Segundo esse autor, apesar das novas acessibilidades e dispositivos digitais, essa geração tende a dedicar pouco tempo para criar conteúdos próprios. O uso das telas de mídia continua sendo dominado por jovens assistindo TV e vídeos, jogando videogames e usando as redes sociais. O desenvolvimento linguístico deles é pobre,  não partilham a cultura dos seus pais. Têm dificuldade para pensar, refletir, ler, escrever e fazer cálculos.
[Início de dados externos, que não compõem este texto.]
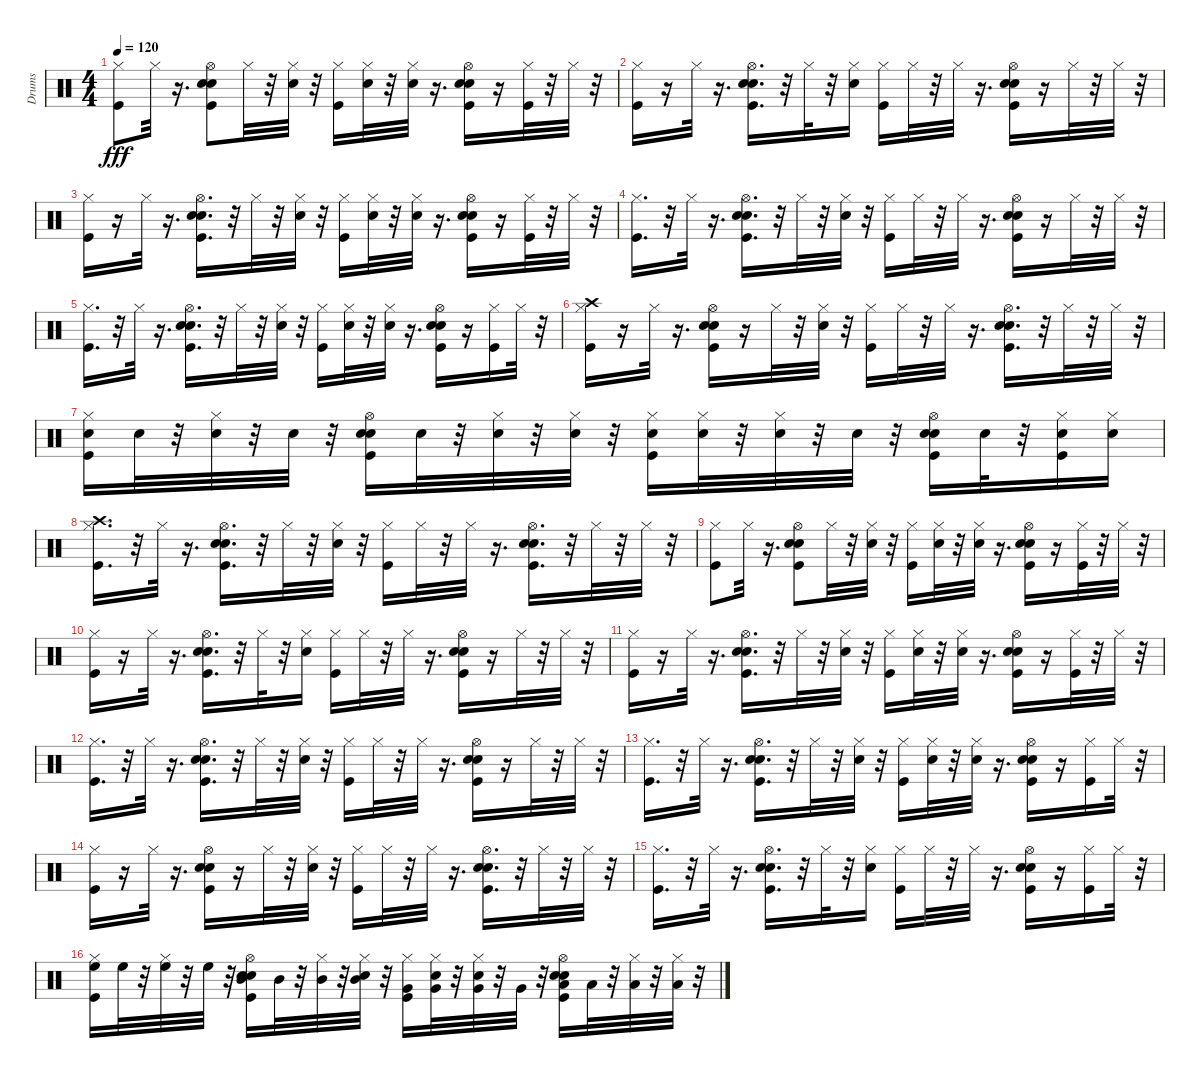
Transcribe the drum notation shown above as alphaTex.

Sabe-se que o uso excessivo de dispositivos baseados em telas, em detrimento de vínculos presenciais com pessoas, faz com que potenciais fundamentais da infância não sejam suficientemente atualizados. Depois, fica tarde demais para aprender a pensar, a refletir, a manter concentração, a fazer esforços, a dominar a língua, além das suas bases rudimentares, a hierarquizar os fluxos de informação recebidos e interagir com pessoas. Uma imersão precoce da criança no mundo digital poderá desviar os aprendizados essenciais que, por conta do fechamento progressivo das janelas neurológicas de desenvolvimento, se tornarão mais difíceis de alcançar.  Segundo Desmurget, pela primeira vez na história, os filhos têm Q.I. inferior ao de seus pais. 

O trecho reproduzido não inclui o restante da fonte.